Purpose: The goal of this study was to develop a population pharmacokinetic (PK) and PK/pharmacodynamics (PD) model for ibutilide, to evaluate the time course of its effect on QT interval in Chinese.
Methods: The population PK and PK/PD model were developed using data from 40 Chinese healthy volunteers using nonlinear mixed-effects modeling, and the final population PK/PD model was applied on 100 patients with atrial fibrillation (AF) and/or atrial flutter (AFL).
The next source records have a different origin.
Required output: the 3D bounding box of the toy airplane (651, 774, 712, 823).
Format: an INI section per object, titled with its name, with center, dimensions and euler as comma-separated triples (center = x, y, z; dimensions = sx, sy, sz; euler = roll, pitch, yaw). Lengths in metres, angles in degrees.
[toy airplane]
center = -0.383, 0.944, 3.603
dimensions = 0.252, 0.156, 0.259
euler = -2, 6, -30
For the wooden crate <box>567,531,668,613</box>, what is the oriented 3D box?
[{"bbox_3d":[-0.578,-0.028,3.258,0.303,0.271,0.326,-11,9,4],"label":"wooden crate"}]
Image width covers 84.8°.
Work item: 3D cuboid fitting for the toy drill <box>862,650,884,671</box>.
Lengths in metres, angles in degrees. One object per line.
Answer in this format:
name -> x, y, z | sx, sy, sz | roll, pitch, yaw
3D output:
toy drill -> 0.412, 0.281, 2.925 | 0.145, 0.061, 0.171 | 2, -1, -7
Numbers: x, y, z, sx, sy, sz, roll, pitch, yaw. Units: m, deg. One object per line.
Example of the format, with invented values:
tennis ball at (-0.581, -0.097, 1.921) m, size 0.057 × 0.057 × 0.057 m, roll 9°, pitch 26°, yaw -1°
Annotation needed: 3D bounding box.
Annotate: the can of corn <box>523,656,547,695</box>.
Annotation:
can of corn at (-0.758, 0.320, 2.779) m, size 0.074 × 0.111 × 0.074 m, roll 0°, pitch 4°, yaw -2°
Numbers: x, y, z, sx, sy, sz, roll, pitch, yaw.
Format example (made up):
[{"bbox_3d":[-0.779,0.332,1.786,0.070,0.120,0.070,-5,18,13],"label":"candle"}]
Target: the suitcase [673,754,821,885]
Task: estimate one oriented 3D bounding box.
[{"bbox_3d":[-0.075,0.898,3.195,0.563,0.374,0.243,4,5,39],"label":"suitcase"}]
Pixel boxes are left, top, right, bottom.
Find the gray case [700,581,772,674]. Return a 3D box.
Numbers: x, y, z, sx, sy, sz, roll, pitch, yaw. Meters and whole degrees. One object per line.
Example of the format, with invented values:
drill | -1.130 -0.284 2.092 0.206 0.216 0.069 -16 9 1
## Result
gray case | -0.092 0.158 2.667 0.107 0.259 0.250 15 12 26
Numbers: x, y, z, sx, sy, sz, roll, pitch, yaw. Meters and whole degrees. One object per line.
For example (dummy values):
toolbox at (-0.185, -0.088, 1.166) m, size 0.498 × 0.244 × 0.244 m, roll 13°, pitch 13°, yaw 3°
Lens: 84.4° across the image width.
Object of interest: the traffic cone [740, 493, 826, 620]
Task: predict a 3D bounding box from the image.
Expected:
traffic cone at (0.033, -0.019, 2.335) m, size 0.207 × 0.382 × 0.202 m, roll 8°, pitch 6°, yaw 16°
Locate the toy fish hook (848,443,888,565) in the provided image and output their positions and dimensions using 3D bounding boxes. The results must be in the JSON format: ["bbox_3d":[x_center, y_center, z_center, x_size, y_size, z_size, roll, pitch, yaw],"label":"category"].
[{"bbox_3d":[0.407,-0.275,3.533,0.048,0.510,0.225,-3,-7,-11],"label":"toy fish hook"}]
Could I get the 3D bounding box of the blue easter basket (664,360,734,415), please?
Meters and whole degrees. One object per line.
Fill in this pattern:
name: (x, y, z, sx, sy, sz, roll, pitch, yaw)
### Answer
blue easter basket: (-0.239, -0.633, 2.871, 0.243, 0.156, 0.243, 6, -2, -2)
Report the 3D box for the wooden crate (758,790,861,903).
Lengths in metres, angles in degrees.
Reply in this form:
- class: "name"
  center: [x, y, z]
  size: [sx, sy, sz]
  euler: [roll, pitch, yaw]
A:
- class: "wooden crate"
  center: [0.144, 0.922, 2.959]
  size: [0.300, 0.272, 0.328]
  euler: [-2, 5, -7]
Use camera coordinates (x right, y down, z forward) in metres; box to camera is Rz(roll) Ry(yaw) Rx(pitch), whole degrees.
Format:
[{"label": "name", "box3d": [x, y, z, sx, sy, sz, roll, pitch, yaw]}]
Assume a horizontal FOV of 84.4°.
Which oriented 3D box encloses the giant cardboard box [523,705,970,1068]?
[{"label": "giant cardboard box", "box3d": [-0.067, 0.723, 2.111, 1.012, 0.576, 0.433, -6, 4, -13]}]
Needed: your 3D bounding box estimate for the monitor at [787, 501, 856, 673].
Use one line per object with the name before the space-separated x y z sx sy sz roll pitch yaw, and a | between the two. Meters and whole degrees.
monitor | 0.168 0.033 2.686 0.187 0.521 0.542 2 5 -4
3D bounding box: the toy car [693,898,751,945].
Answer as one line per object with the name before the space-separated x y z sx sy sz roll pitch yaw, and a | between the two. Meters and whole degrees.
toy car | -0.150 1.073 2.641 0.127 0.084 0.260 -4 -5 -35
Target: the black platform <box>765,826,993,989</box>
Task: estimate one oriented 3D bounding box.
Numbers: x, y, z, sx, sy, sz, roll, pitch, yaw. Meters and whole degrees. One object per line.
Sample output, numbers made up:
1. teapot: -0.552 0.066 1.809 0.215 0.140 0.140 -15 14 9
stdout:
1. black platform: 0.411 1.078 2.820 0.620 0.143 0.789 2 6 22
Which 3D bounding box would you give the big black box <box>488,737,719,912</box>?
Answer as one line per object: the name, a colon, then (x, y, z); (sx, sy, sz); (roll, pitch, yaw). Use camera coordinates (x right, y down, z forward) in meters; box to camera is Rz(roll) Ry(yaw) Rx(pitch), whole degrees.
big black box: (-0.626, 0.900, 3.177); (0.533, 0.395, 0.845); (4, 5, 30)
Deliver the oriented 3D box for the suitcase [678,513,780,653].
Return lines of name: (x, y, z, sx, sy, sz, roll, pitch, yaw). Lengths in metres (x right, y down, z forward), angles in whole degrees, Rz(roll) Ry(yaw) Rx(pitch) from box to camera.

Findings: The PK parameters of ibutilide were best described by a 3-compartment model with first-order elimination. No statistically significant covariate was found for each PK model parameter. Individualized QT interval correction, by heart rate, was performed by a power model, and the circadian rhythm of QT intervals was described by 2 mixed-effect cosine functions. The QT interval data of ibutilide was well characterized by a sigmoid Emax model (E(C)=Emaxγ×Cγ/(EC50γ+Cγ)) with an effect compartment. The final PK/PD model was used to estimate individual parameters of patient data and found good predictions compared with healthy volunteers; AF and/or AFL patients had lower Emax and higher EC50.
Implications: A population PK and PK/PD model for ibutilide in healthy volunteers was developed and could well capture ibutilide's PK/PD characteristics. The final PK/PD model was applied on patients with AF and/or AFL successfully.
Keywords: NONMEM; QT interval prolongation; ibutilide; population PK and PK/PD model; sigmoid E(max) model.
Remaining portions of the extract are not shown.